**EXERCISE REQUIREMENTS:** Would you quote every entry exactly, dropping only the pictures?

· · · · · · ·

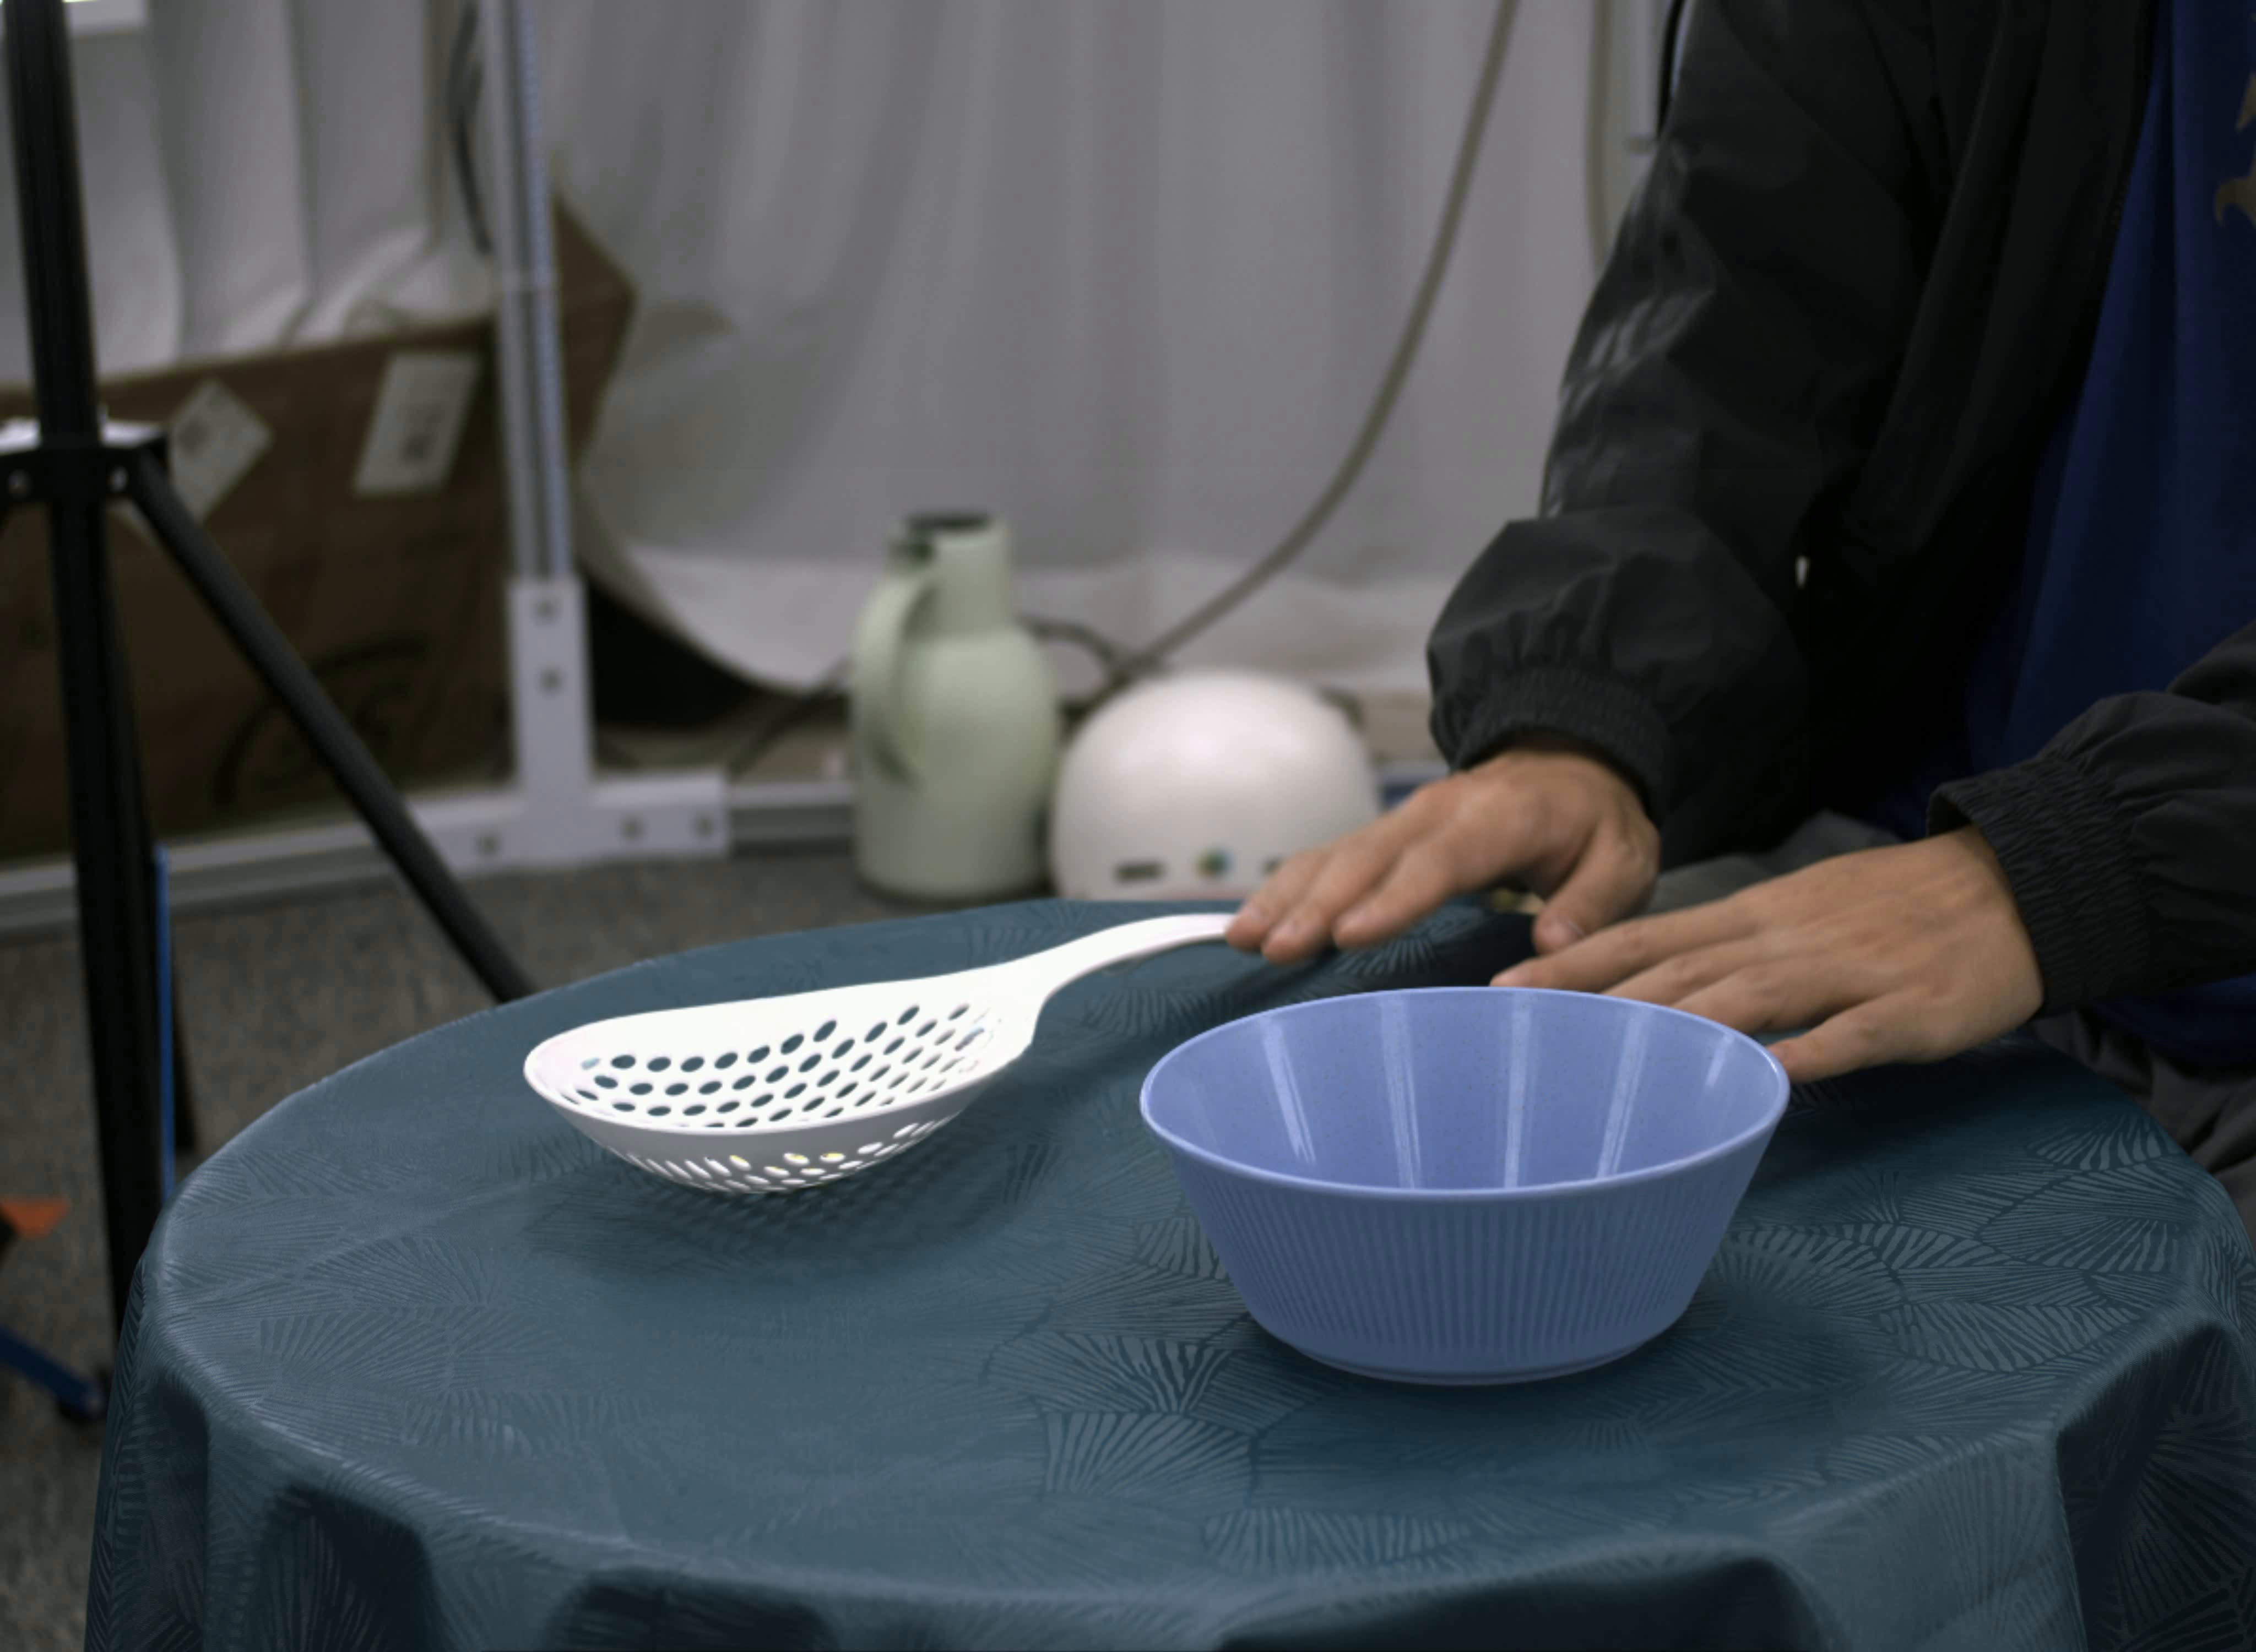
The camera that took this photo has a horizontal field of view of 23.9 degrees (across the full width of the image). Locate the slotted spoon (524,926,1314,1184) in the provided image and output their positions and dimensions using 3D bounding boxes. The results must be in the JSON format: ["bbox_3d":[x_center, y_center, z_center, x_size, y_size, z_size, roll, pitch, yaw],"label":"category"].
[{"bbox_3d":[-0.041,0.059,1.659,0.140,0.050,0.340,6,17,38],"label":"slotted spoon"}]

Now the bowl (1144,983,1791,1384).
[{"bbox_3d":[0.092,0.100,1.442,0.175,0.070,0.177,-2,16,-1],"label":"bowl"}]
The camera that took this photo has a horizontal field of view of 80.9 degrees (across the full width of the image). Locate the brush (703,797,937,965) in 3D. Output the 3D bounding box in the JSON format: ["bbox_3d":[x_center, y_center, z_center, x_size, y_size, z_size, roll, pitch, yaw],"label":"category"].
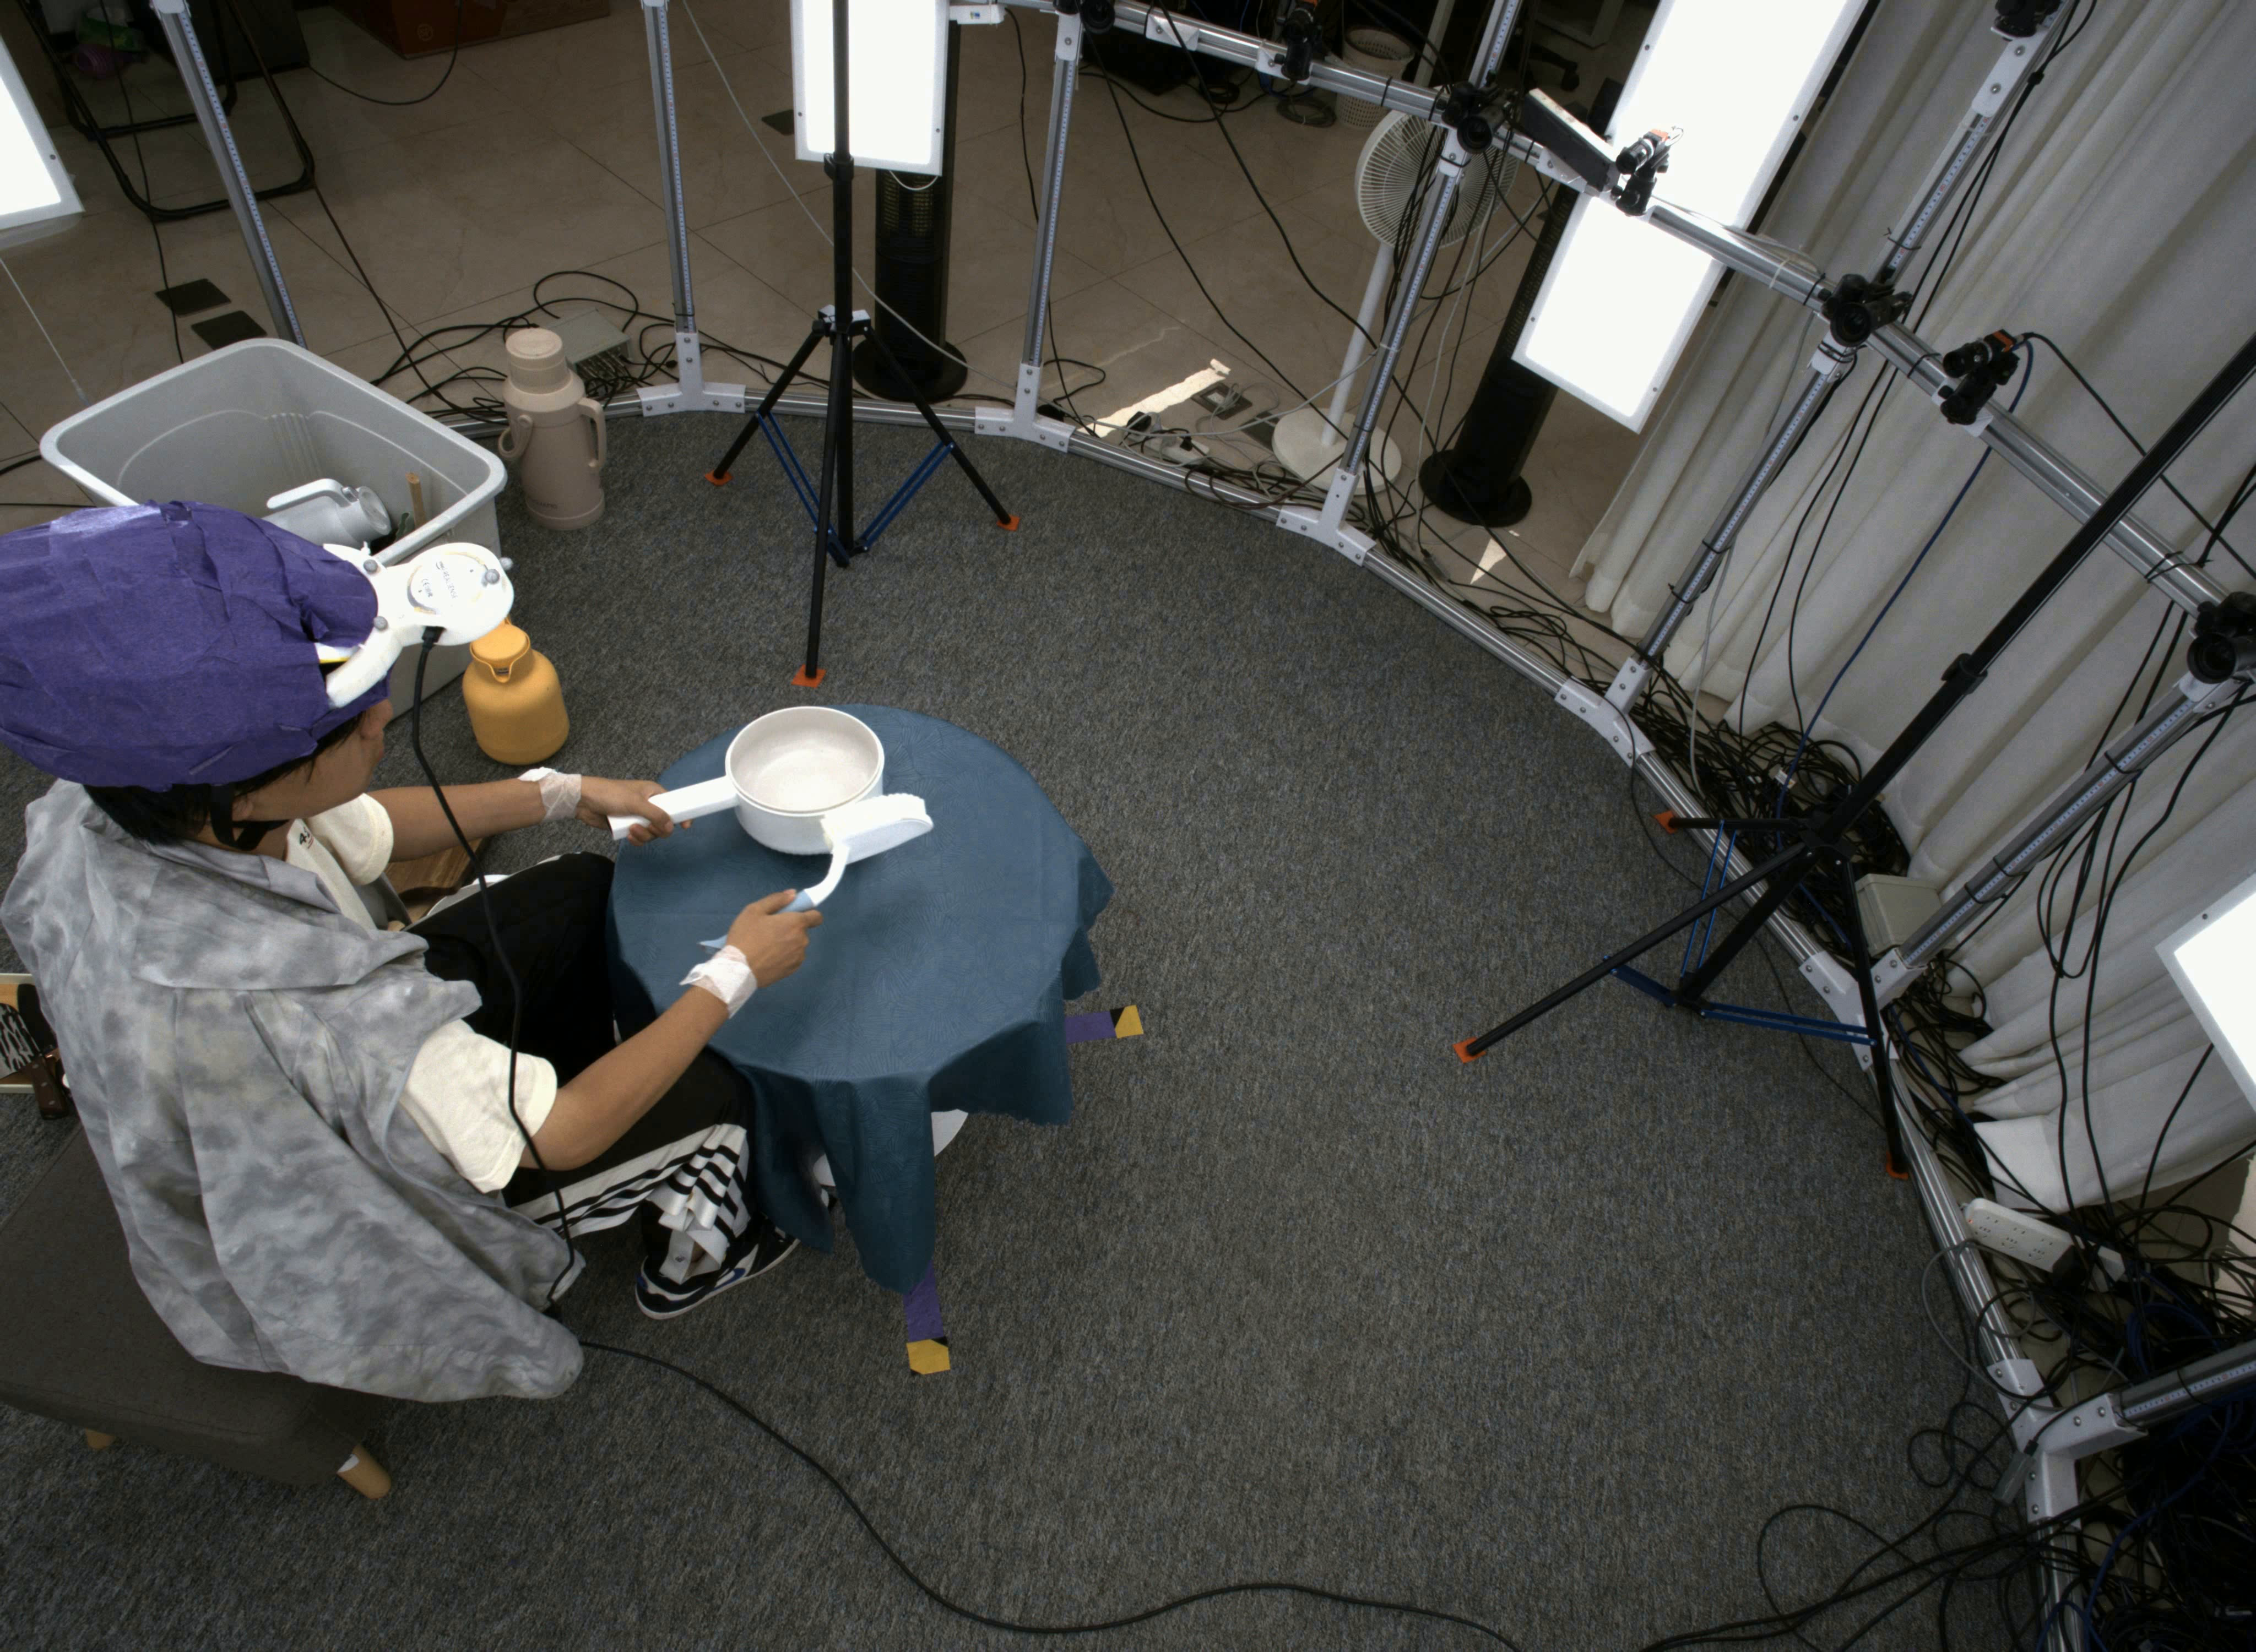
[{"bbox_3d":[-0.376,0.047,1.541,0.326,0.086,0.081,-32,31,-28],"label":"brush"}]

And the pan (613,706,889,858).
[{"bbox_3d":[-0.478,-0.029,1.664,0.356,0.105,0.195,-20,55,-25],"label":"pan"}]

· · · · · · ·

**ANSWER BELOW:**
The camera that took this photo has a horizontal field of view of 23.9 degrees (across the full width of the image). Locate the slotted spoon (524,926,1314,1184) in the provided image and output their positions and dimensions using 3D bounding boxes. The results must be in the JSON format: ["bbox_3d":[x_center, y_center, z_center, x_size, y_size, z_size, roll, pitch, yaw],"label":"category"].
[{"bbox_3d":[-0.041,0.059,1.659,0.140,0.050,0.340,6,17,38],"label":"slotted spoon"}]

Now the bowl (1144,983,1791,1384).
[{"bbox_3d":[0.092,0.100,1.442,0.175,0.070,0.177,-2,16,-1],"label":"bowl"}]
The camera that took this photo has a horizontal field of view of 80.9 degrees (across the full width of the image). Locate the brush (703,797,937,965) in 3D. Output the 3D bounding box in the JSON format: ["bbox_3d":[x_center, y_center, z_center, x_size, y_size, z_size, roll, pitch, yaw],"label":"category"].
[{"bbox_3d":[-0.376,0.047,1.541,0.326,0.086,0.081,-32,31,-28],"label":"brush"}]

And the pan (613,706,889,858).
[{"bbox_3d":[-0.478,-0.029,1.664,0.356,0.105,0.195,-20,55,-25],"label":"pan"}]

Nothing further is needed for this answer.